Double-crested cormorants are large seabirds that inhabit Oregon’s estuaries during the spring and summer. Cormorants, which can eat up to two pounds of fish per day, have been identified by sportsmen’s groups and others as a potential threat to the outbound migration of salmon and steelhead. ODFW is monitoring the cormorants at Haystack Rock as part of a broader population study to find out what impact the birds may have on migratory fish. Cormorants are protected under the Migratory Bird Treaty Act, so extra care must be used to ensure the birds are not unduly disturbed.
“Our hope is that with unmanned aircraft we will be able to do a better job of monitoring the cormorant colonies,” said Lindsay Adrean, ODFW’s avian predation coordinator. Currently, the department relies on aerial photos generated once a year by manned flights along the entire Oregon coast contracted by the U.S. Fish and Wildlife Service. “It would be nice to be able to get this kind of information week-to-week and we think UAVs may give us that capability.”
UAVS are not only less expensive to buy and operate, but they are safer as well because they do not require onboard crew.
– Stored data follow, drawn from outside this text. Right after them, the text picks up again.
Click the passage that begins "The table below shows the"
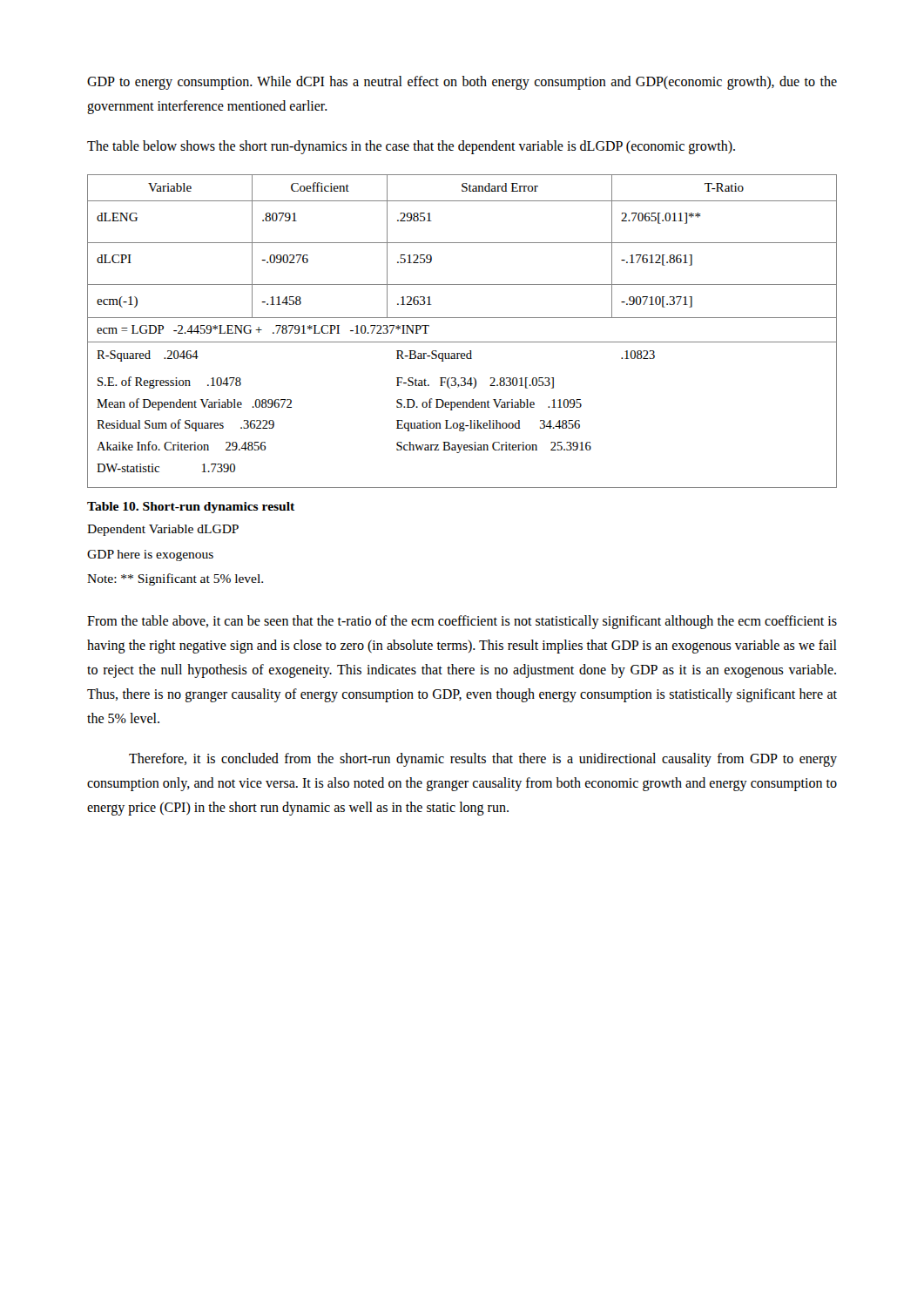The width and height of the screenshot is (924, 1307). coord(412,146)
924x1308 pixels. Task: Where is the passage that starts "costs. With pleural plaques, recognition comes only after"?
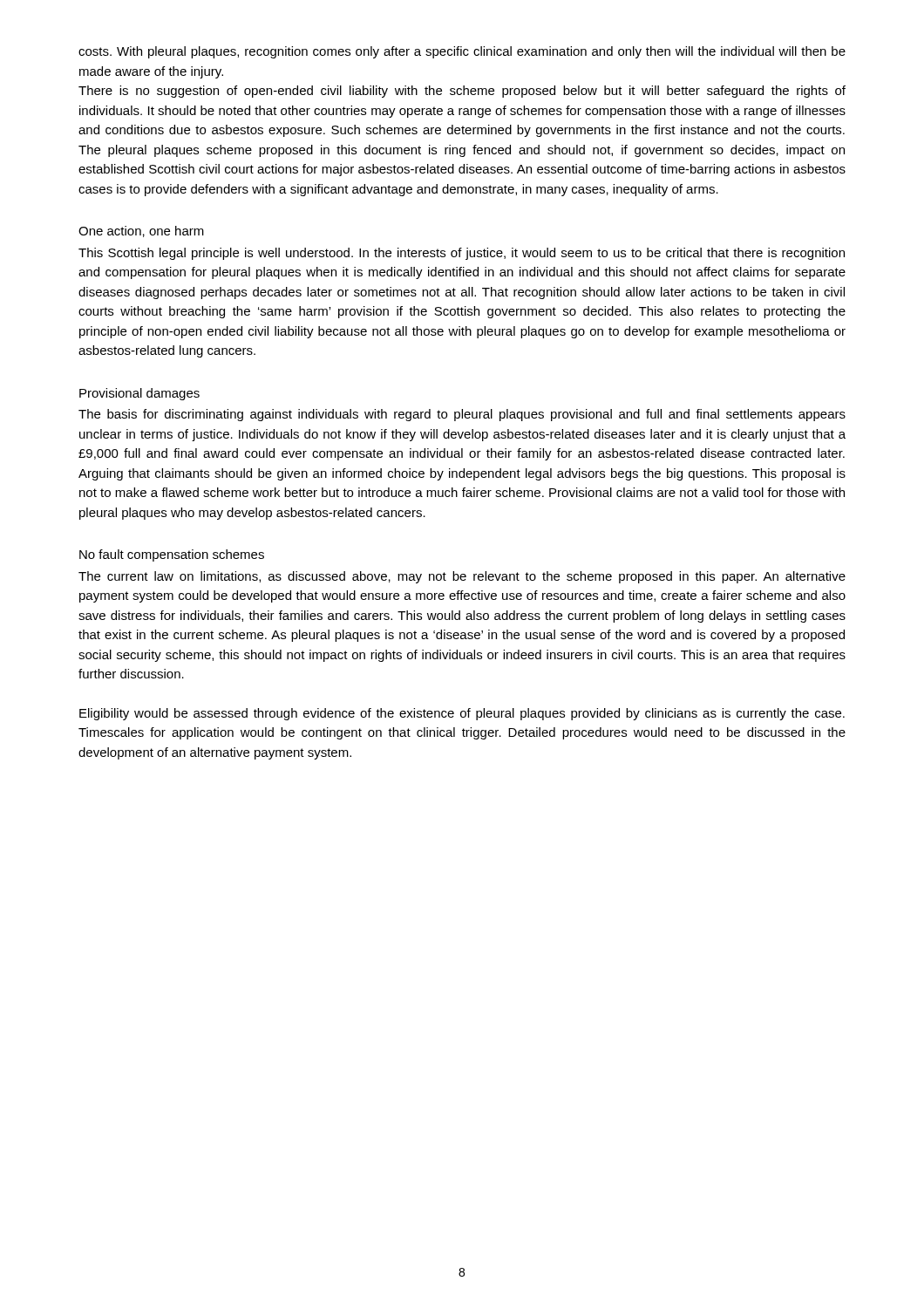pyautogui.click(x=462, y=120)
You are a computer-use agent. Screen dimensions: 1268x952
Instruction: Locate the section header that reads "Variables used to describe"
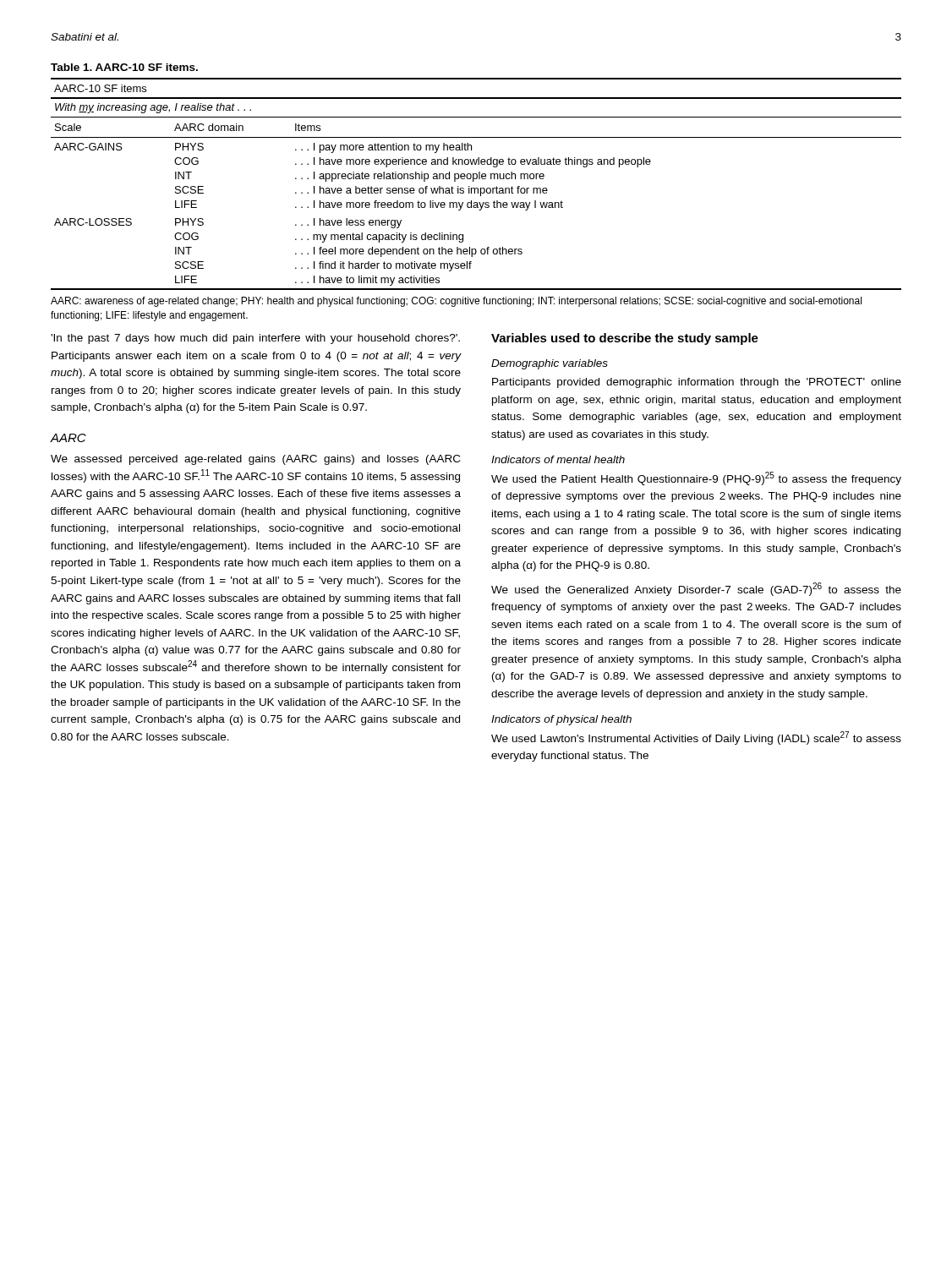[625, 338]
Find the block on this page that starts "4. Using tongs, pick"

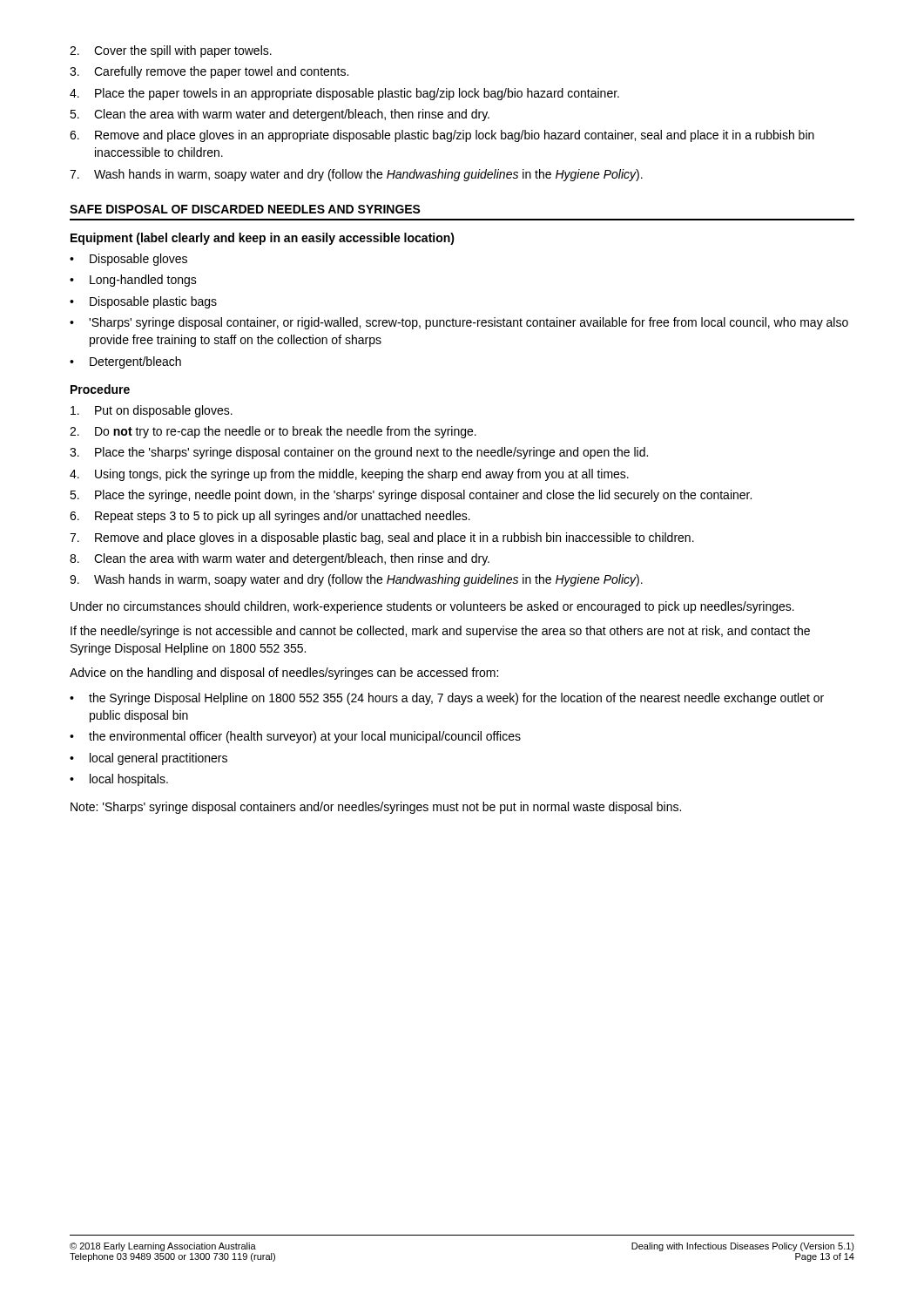tap(462, 474)

“We potentially see numerous applications for this technology,” said Adrean, including waterfowl, elk and fishing surveys.
The project on the Oregon coast will be the first of its kind for UAV research at Embry-Riddle, according to Patrick Currier, assistant professor of mechanical engineering, who will be traveling with four students and two drone aircraft from the university’s Daytona Beach, Florida campus to Cape Kiwanda.
Currier said the primary UAV is made of Expanded Polypropylene (EPP), weighs about six pounds, has a wingspan of 54 inches, is powered by a small electric motor, and is equipped with an autonomous control system. It is based on a radio-controlled aircraft known as the Ritewing Zephyr II.
“We’ve never used the UAV to fly over water with the kinds of wind shear and rock you have on the Oregon coast,” said Currier. “Our goal is to prove the feasibility of the project so we can further develop a system that doesn’t take a whole crew of engineers to use it.”
The aircraft will be launched from the beach with a catapult made of PVC and will fly autonomously along flight paths plotted ahead of time with GPS coordinates in the restricted airspace around Haystack Rock. The flights will be monitored on a laptop computer, with a radio-control pilot standing by to take over the aircraft if something goes wrong. The craft is equipped with an Android smartphone that will take photographs at preset intervals and save the images with their respective GPS coordinates. The students have named the craft “Androne,” playing on the words “Android” phone and “drone” aircraft.
Currier estimates the cost of the aircraft is between $500 and $1,000.
“That’s why we’re doing it with the smartphone, so people who need it can actually afford it,” he said. It remains to be seen whether the smartphone will produce usable pictures.
Currier said he will consider the project a success if his team can get the plane into the air, make a couple of flights around Haystack Rock, and get back to the beach with photos that Adrean can use to count cormorants.
“Drones have been getting a lot of bad press, lately, and we’d like to help change that,” Currier said. “We want to prove these drones are very useful in applications beyond the military and law enforcement.”